# iShares



## cutz (16 November 2008)

Hi all,

I have been looking at iShares as a vehicle to gain index tracking exposure to international markets, I compared the iShare S&P 500 graph which is listed in New York with the actual index and it tracks it 100%, I wasn’t able to do the same comparison on the ASX listed product.

Two questions I have are, does iShare S&P 500 listed on the ASX also precisely track the actual index and if that’s the case how does it happen as I thought the supply/demand on the product itself would be what sets the price day to day, if you know what I mean.

Could someone please shed some light on this matter.

Thanks in advance,

Cutz.


----------



## Gundini (19 December 2008)

Does anybody know if you can purchase International ETF's through Comsec?

The site says you can, but I cannot find where I can buy?


----------



## SoBadAtTrading (19 December 2008)

The local iShares website has a graph displaying the price difference between the US and AU markets. 

From what i noticed of some iShares (IKO, ISG), it does track the index fairly well. You also have to take into consideration the exchange rates (AUDUSD). You can try monitoring the asian indexes and see how the iShares price move in relation to the index.

You can also take the closing price of the iShares in US (for example, EWY @ 28.43 last night) and multiply it by the USD exchange rate which should give you roughly the opening price of IKO in ASX today. From then on, it should follow the index (until the US market trades again). That's what i do when i buy the iShares here.


----------



## SoBadAtTrading (19 December 2008)

Gundini said:


> Does anybody know if you can purchase International ETF's through Comsec?
> 
> The site says you can, but I cannot find where I can buy?

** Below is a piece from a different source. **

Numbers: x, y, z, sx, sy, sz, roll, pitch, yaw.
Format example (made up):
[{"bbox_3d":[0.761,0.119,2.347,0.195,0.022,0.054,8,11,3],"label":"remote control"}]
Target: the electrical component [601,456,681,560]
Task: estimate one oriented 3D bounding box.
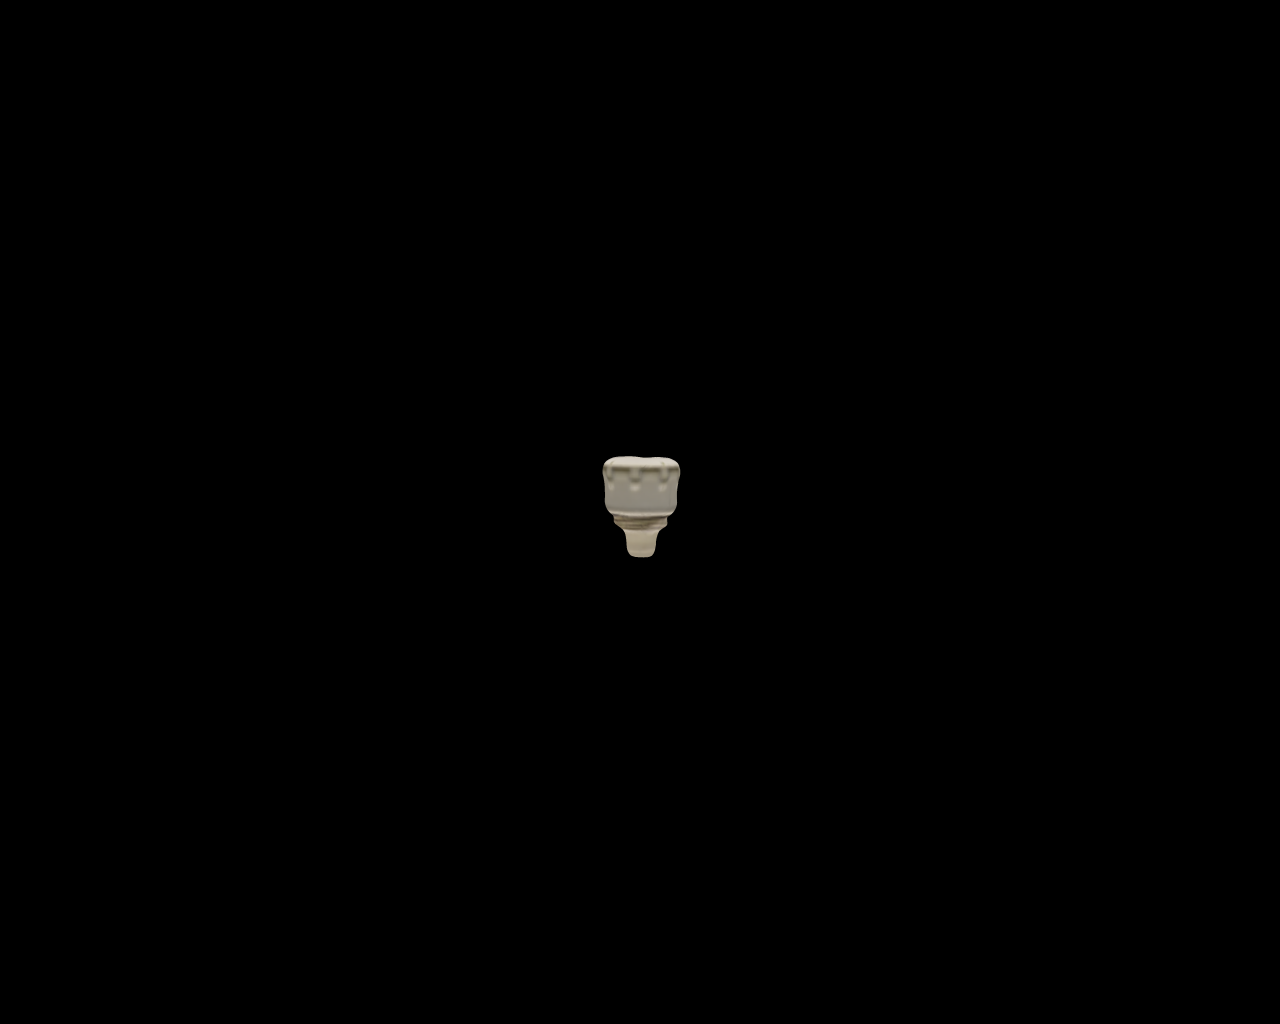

I supposed they meant the ASX-listed iShares?


----------



## cutz (19 December 2008)

I don't know much about EFTs but if you punch in the code IOO you will get the ishares global 100 fund which is traded online, IVV is the code for the S&P 500 fund, there's about 12 other ishares EFT's traded on the ASX.


----------



## Gundini (19 December 2008)

Ok, I found it on Comsec.

The ETF I am interested in is:

iShares FTSE/Xinhua China 25

You can type it into the "Quick Quote"

The codes can be found here for those interested:


https://funds.comsec.com.au/Public/NewsAndSpecialOffers/News.aspx?NewsType=Special&ID=165


----------



## sinner (19 December 2008)

I exited the above ETF: IZZ and as well IHK very recently.

They do an alright job, liquidity is a bit of an issue.

If you want longer term charts for those two check out FXI and EWH on NYSE as they are the same product but listed for much longer on NYSE.


----------



## BillyIdol (10 February 2009)

Got to say Sinner, you are right re: liquidity.  Ashley Ormond talks a fair bit about these in his books.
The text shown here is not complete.